In 2022, all states possessing nuclear weapons continued to upgrade, and in some instances, to enlarge, their nuclear arsenals. Russia had completed eighty-nine percent of its comprehensive modernization program, but Putin professed to be “extremely concerned” about U.S. missile defense near Russia and the Russian Defense Ministry announced that in 2023 there would be a major upgrade of nuclear infrastructure to enhance the combat capabilities of Russia’s missile forces.
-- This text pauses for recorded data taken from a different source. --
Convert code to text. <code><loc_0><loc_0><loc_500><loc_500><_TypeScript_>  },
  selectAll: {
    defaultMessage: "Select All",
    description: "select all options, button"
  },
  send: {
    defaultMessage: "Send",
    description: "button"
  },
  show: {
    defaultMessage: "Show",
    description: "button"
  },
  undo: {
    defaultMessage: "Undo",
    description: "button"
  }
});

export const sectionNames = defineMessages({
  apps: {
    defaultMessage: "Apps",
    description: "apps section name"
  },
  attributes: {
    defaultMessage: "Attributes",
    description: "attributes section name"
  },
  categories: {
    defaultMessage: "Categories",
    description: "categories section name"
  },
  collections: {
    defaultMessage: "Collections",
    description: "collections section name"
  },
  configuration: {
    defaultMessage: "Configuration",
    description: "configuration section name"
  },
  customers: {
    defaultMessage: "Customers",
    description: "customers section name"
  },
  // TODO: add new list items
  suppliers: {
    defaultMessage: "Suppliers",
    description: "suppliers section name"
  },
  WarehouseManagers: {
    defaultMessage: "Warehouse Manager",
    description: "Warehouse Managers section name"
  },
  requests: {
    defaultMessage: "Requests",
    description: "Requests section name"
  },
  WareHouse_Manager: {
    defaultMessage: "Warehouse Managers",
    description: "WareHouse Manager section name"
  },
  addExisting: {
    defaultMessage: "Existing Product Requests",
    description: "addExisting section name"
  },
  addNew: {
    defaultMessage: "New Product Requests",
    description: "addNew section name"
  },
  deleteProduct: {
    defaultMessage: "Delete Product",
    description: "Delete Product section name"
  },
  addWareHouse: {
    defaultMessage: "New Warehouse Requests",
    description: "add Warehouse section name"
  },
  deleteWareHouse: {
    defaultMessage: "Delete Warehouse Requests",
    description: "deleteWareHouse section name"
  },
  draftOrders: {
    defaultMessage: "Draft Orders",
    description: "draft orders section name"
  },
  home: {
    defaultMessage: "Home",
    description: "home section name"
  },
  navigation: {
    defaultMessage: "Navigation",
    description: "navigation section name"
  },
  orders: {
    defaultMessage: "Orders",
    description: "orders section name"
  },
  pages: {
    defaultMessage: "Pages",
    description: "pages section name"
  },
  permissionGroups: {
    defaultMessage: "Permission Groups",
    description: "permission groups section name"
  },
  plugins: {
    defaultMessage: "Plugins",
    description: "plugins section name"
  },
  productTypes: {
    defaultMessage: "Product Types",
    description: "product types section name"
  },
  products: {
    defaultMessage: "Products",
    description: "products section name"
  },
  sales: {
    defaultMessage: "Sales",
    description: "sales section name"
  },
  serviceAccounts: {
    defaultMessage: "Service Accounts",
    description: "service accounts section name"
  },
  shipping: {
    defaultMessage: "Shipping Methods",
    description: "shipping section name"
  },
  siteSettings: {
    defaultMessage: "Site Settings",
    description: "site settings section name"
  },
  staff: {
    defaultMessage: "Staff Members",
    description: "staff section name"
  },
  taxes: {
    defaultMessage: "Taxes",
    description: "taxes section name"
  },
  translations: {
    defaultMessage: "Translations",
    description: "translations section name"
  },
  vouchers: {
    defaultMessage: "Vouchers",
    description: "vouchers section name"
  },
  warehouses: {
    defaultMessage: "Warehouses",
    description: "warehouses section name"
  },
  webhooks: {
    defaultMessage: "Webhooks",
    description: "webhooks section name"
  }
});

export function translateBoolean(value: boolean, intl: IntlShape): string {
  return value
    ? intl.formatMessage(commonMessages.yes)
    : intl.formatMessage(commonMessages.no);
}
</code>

The United States rolled out the first of its new B-21 stealth bombers and continued with plans for an enhanced long-range air to surface nuclear missile, enhanced nuclear missile submarines, and a new generation of fixed silo nuclear ICBMs. The Defense Department assesses that China is seeking to enhance its “strategic nuclear capability,” which currently has about four-hundred nuclear warheads, and could have as many as 1,500 by 2035.
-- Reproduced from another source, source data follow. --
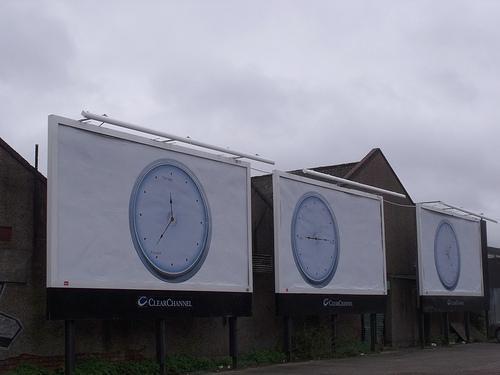How many people are in the picture?
Give a very brief answer. 0. How many clocks are in the picture?
Give a very brief answer. 3. How many posts are there?
Give a very brief answer. 3. How many clocks are there?
Give a very brief answer. 3. How many hands are on the clock faces?
Give a very brief answer. 2. How many billboards are there?
Give a very brief answer. 3.

North Korea continued extensive testing of nuclear-capable missiles. It reportedly made apparent preparations for a possible nuclear weapons test, but no such test had been conducted when this article went to press.
Two scientific studies published in 2022 estimated that a full-scale nuclear war between the United States and Russia, and the inevitable “nuclear winter” and subsequent famine caused by soot and smoke lingering in the atmosphere, would cause up to five billion deaths worldwide, and that a limited nuclear war between India and Pakistan would cause up to two billion deaths from a global famine.
The first Meeting of State Parties under the Treaty on the Prohibition of Nuclear Weapons (TPNW) issued renewed calls for the complete elimination of nuclear weapons. But none of the states actually possessing nuclear arms are among the sixty-eight states parties that have ratified the TPNW.
The Review Conference of the Nuclear Non-Proliferation Treaty, scheduled for 2020 but postponed because of the COVID pandemic, met in 2022 and adjourned without agreeing on a final document. Russia’s invasion of Ukraine led to widespread predictions that additional states might seek their own nuclear weapons programs, but none have yet announced plans to do so.
On October 27, 2022, the U.S. Department of Defense released the Administration’s Nuclear Posture Review (NPR), similar in numerous respects to those released by previous administrations. The NPR did not contain the statement, advocated by President Biden during the 2020 Presidential campaign, that the “sole purpose” of the U.S. nuclear arsenal is to deter nuclear attacks against the United States and its allies. The 2022 NPR repeats statements that the United States remains committed to arms control and shares the ultimate goal of a world without nuclear weapons but did not propose any specific steps to implement the statements.
Efforts continued in 2022 to reestablish the Iran nuclear agreement that President Trump withdrew the United States from in May 2018, but talks ended in an impasse, and Iran announced that it was increasing the amount of uranium that it was enriching to near weapons-grade. Meanwhile Saudi Arabia, which has reserved the right to enrich uranium, has issued a request for proposals for construction of a major new nuclear reactor.
The Conference on Establishment of a Middle East Zone Free of Nuclear Weapons and Other Weapons of Mass Destruction met in November 2022 and issued a report stating that no agreement had been reached but that work would continue in hopes of arriving at a treaty.